• [Data shown]:
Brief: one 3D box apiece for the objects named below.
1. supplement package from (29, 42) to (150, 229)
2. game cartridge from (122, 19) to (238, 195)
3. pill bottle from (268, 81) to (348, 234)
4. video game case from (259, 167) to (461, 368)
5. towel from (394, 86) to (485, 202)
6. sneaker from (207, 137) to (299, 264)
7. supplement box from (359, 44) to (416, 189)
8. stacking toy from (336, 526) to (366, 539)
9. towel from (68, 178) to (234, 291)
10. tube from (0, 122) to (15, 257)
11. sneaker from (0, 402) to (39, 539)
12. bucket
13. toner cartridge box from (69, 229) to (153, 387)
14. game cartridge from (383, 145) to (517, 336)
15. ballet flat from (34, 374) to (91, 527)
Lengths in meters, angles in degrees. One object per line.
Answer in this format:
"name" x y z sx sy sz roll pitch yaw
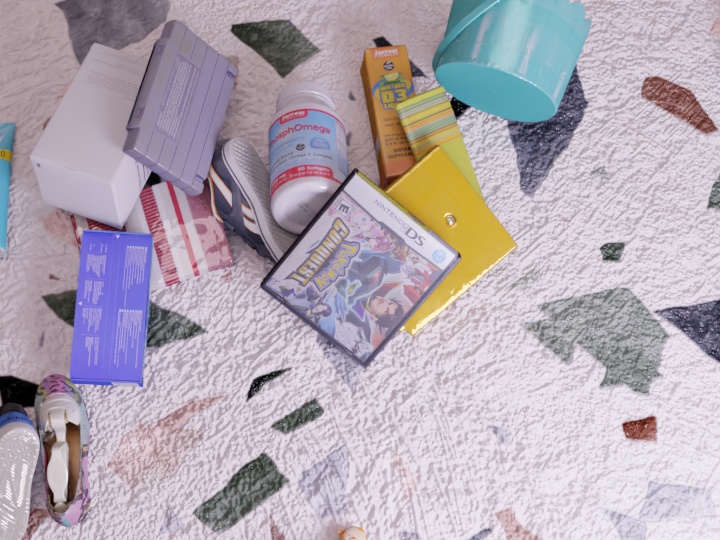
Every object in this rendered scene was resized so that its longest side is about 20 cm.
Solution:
"supplement package" -0.342 -0.182 1.549 0.120 0.120 0.201 19 62 5
"game cartridge" -0.239 -0.217 1.524 0.129 0.038 0.202 32 62 -37
"pill bottle" -0.071 -0.156 1.551 0.108 0.109 0.201 -4 54 -2
"video game case" 0.000 0.000 1.483 0.180 0.026 0.200 38 104 -11
"towel" 0.112 -0.145 1.561 0.086 0.018 0.202 -25 98 -30
"sneaker" -0.144 -0.077 1.561 0.079 0.078 0.201 -30 87 34
"supplement box" 0.047 -0.214 1.610 0.066 0.069 0.202 -8 70 -5
"stacking toy" -0.050 0.398 1.401 0.116 0.110 0.200 31 63 12
"towel" -0.287 -0.043 1.574 0.198 0.023 0.145 -18 75 -5
"tube" -0.517 -0.115 1.584 0.077 0.050 0.202 -2 67 -14
"sneaker" -0.459 0.266 1.449 0.076 0.111 0.202 10 105 -26
"bucket" 0.203 -0.304 1.567 0.206 0.207 0.136 19 80 5
"toner cartridge box" -0.327 0.050 1.511 0.094 0.043 0.202 4 75 -7
"game cartridge" 0.082 -0.037 1.528 0.200 0.032 0.177 -39 98 0
"ballet flat" -0.381 0.224 1.458 0.068 0.071 0.202 -8 72 -5
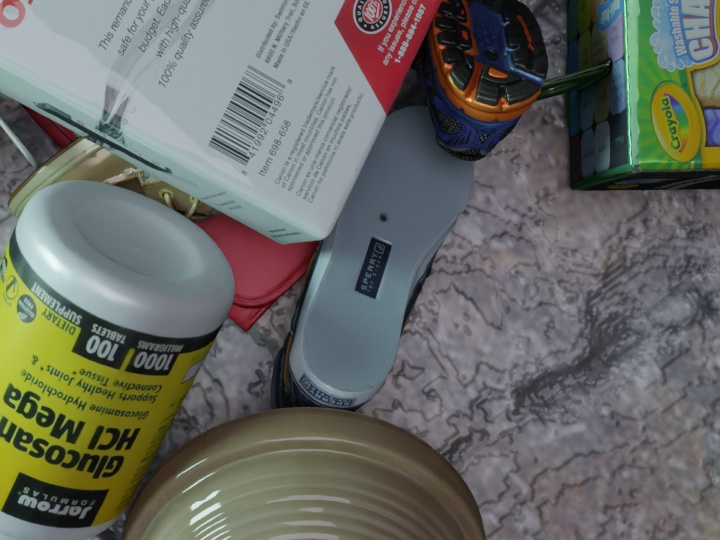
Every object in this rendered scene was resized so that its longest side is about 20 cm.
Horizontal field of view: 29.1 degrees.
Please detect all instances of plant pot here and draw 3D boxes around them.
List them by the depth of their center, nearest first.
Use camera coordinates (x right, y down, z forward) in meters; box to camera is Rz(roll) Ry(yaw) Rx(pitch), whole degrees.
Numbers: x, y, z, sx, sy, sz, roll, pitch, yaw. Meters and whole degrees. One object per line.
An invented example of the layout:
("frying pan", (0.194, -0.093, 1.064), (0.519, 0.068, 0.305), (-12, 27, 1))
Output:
("plant pot", (-0.029, 0.178, 0.714), (0.200, 0.093, 0.202), (-1, 117, -2))

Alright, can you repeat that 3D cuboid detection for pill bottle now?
("pill bottle", (-0.152, 0.065, 0.711), (0.112, 0.113, 0.200), (27, 113, -4))

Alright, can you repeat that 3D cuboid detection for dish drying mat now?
("dish drying mat", (-0.109, -0.061, 0.795), (0.077, 0.018, 0.200), (-45, 93, -7))

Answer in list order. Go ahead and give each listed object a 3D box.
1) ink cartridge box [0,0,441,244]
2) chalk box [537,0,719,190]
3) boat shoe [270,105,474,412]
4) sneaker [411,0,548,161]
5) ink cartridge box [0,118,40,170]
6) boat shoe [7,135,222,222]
("ink cartridge box", (-0.082, -0.122, 0.680), (0.199, 0.084, 0.145), (29, 80, -16))
("chalk box", (0.183, -0.110, 0.776), (0.199, 0.125, 0.125), (0, 88, -7))
("boat shoe", (0.000, 0.000, 0.784), (0.071, 0.091, 0.201), (27, 58, -5))
("sneaker", (0.052, -0.145, 0.766), (0.075, 0.079, 0.201), (8, 52, -10))
("ink cartridge box", (-0.259, -0.105, 0.731), (0.067, 0.116, 0.200), (-45, 92, -7))
("boat shoe", (-0.091, -0.061, 0.752), (0.199, 0.074, 0.067), (-28, 88, -7))

• [Work instructions]: From the data above, reproduce word for word the lines running from the line with "Numbers: x, y, z, sx, sy, sz, roll, pitch, yaw." to the line with "3) boat shoe [270,105,474,412]", ends included.

• [Response box]:
Numbers: x, y, z, sx, sy, sz, roll, pitch, yaw. Meters and whole degrees. One object per line.
An invented example of the layout:
("frying pan", (0.194, -0.093, 1.064), (0.519, 0.068, 0.305), (-12, 27, 1))
Output:
("plant pot", (-0.029, 0.178, 0.714), (0.200, 0.093, 0.202), (-1, 117, -2))

Alright, can you repeat that 3D cuboid detection for pill bottle now?
("pill bottle", (-0.152, 0.065, 0.711), (0.112, 0.113, 0.200), (27, 113, -4))

Alright, can you repeat that 3D cuboid detection for dish drying mat now?
("dish drying mat", (-0.109, -0.061, 0.795), (0.077, 0.018, 0.200), (-45, 93, -7))

Answer in list order. Go ahead and give each listed object a 3D box.
1) ink cartridge box [0,0,441,244]
2) chalk box [537,0,719,190]
3) boat shoe [270,105,474,412]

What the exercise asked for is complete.